“Restano loro, resto anch'io”

Immagine dell'Editoriale del parroco "Restano loro, resto anch'io"
Domenica, 28 Agosto, 2011

Segno bello di solidarietà di Benedetto XVI, seguito dal nostro qui a Salboro.

“Restano loro, resto anch'io”.
Il senso della battuta con la quale il Papa sorridente e imperturbabile, ha declinato sotto il diluvio di sabato notte ( n.d.r. 20 agosto 2011) a Quatro ventos, Madrid, la ragionevole proposta di attendere nel retropalco fino al termine della forte pioggia, riferito dal portavoce vaticano padre Lombardi, è la sintesi perfetta di un momento che resterà scolpito nel pontificato di Benedetto XVI e rivela il punto di svolta maturato a Madrid nel suo legame con giovani. Ma dentro l'immagine indimenticabile del Pontefice precariamente difeso da un muro di ombrelli che resiste dentro l'uragano di vento e pioggia, acclamato da un milione e mezzo di ragazzi zuppi e festanti, c'è anche molto di più.

Benedetto ha fatto suoi i giovani della 26^ Giornata mondiale della Gioventù a Madrid. E' il fratello Pietro che conferma nella fede i Giovani di oggi e mostra loro, nella sua umile e fragile presenza, il volto e il cuore della chiesa che sa dialogare con loro, contro un congiurare di circostanze ostili, quali l'economia in crisi, la cultura relativista, un mondo adulto inaffidabile, il dilagare di nuove ideologie utilitariste e scettiche, tutto legno fradicio e inservibile a chi vuole dare una casa ai propri sogni. (cfr. Editoriale Avvenire del 23 agosto 2011).

C'è stato l'incontro storico dei giovani “dal cuore aperto” di oggi con il Cristo risorto, che si fa pellegrino sulla via di Emmaus per dare il senso vero alla vita e mostrare la missione di “protagonisti” per rendere questo mondo più giusto, fraterno, solidale e aperto alla vita. Benedetto XVI, i Giovani e tutti i battezzati, dentro la stessa Barca, che non ha paura del vento e della tempesta, perché Lui è sempre presente fino alla fine di questo pellegrinaggio dell'umanità (cfr.Mt.28,20) verso la pienezza, quando Dio sarà tutto in tutti (cfr.1^ Cor. 15,28).

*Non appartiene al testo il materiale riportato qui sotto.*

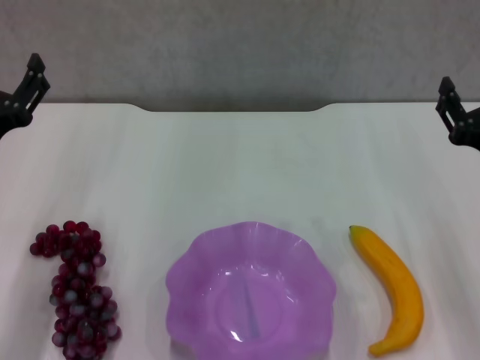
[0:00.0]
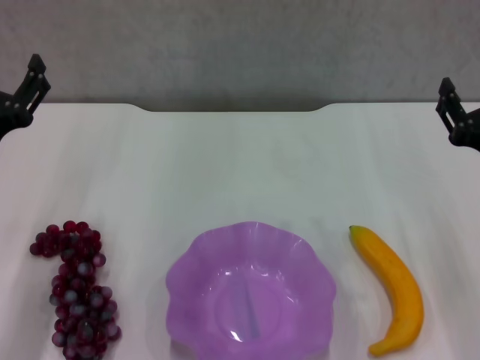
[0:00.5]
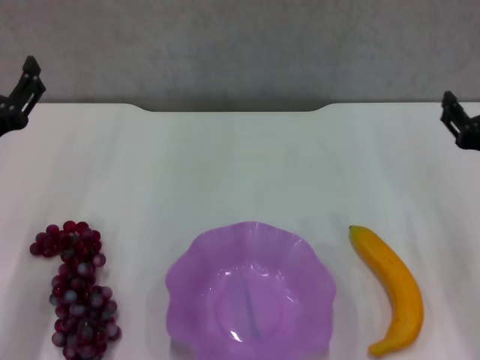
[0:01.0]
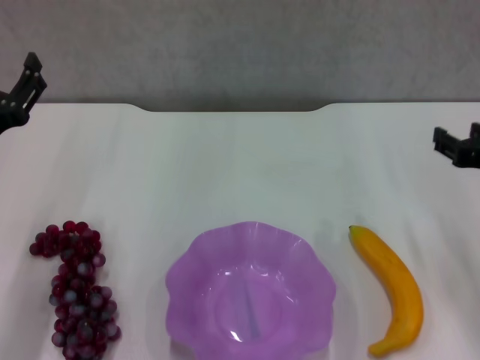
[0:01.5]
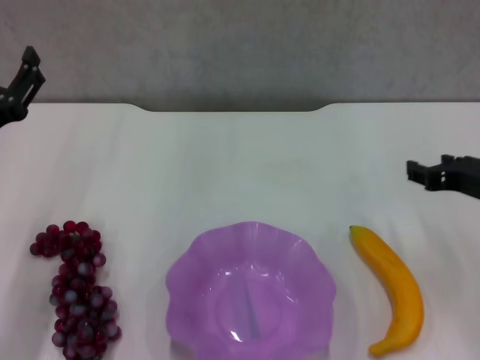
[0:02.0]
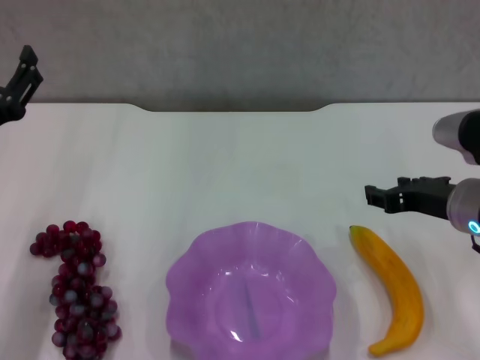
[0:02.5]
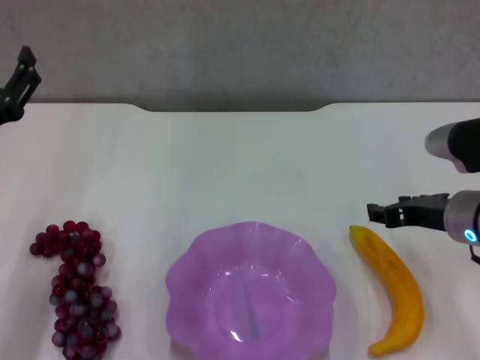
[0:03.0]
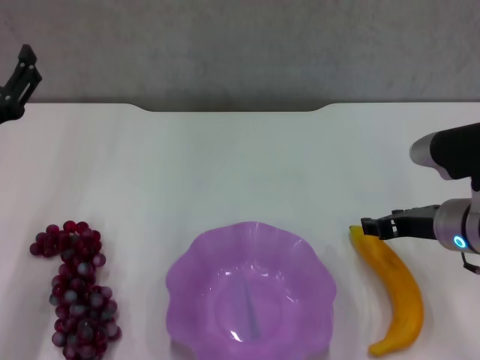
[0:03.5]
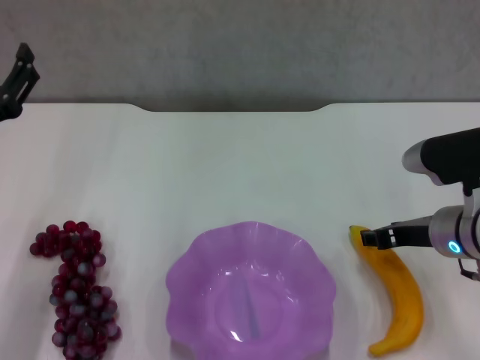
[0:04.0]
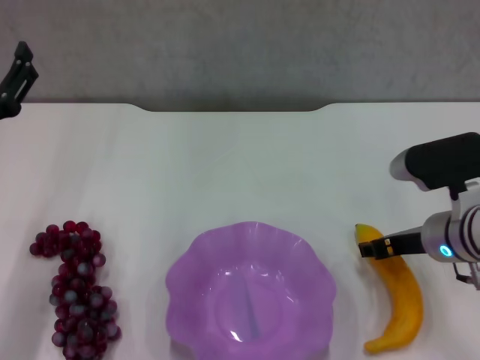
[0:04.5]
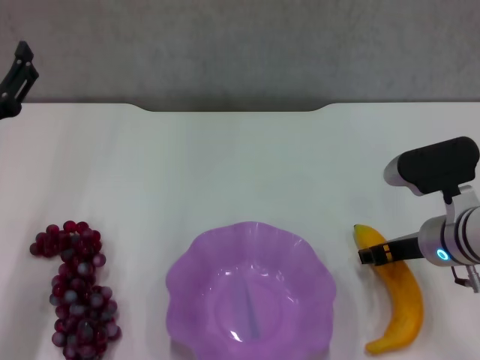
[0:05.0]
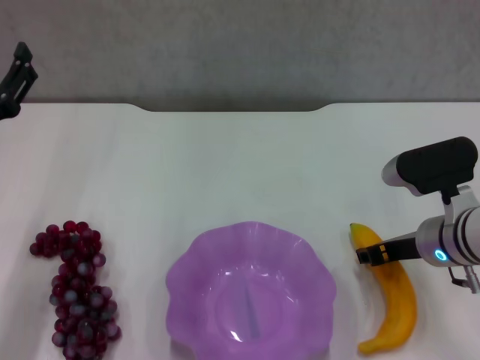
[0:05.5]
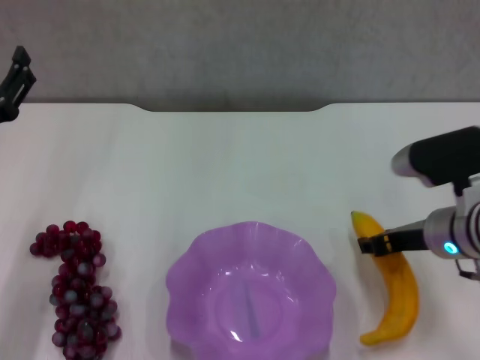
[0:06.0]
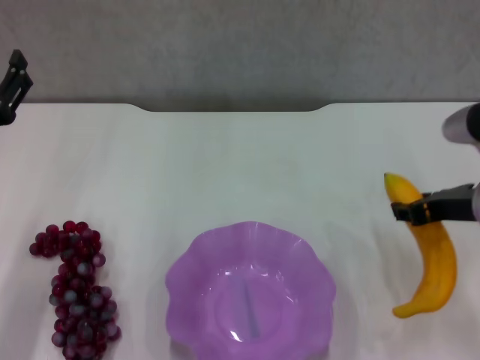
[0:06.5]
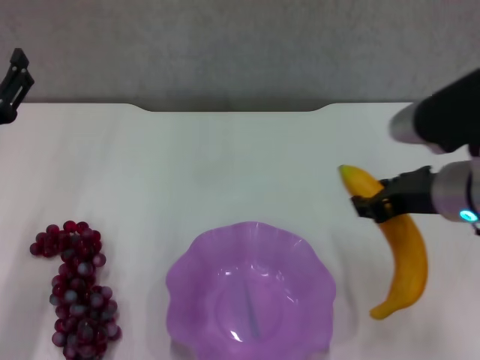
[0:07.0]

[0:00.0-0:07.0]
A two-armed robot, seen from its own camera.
Step, 0:00.0 to 0:05.0: Grasp the banana with right gripper.
0:02.0 to 0:03.5: The right gripper shifts by roughly 5 cm.
0:03.5 to 0:05.0: The grippers move only a little.
0:05.0 to 0:07.0: The right gripper shifts roughly 10 cm upward, and closes its fingers.

E Noi? La stessa sensibilità l'abbiamo manifestata anche noi, in questi giorni di Sagra patronale. Quanta solidarietà, quanta gioia, quanta “dolce fatica” per giorni più belli, nella nostra comunità, nel nostro vicariato, nel nostro territorio!

GRAZIE, Signore, per la tua presenza; Grazie, fratelli e sorelle che avete partecipato alla liturgia, avete faticato e grondato sudore per la festa; Grazie a voi tutti della Comunità che vi siete fatti presenti o avete pregato o avete offerto la vostra sofferenza per il buon esito della festa; Grazie a tutti coloro che per amicizia o per tradizione, o per novità si sono resi presenti, arrivando da altre comunità.
E' stata la festa dell'incontro, dei canti, dei colori e della brezza notturna, segno di una comunità che vuole diventare sempre più grembo che genera alla fede.

La Vergine Assunta in cielo ci renda capaci di camminare sempre con lo sguardo rivolto al cielo, trasformando questa terra, che calpestiamo, in un paradiso terrestre, profezia di quello celeste.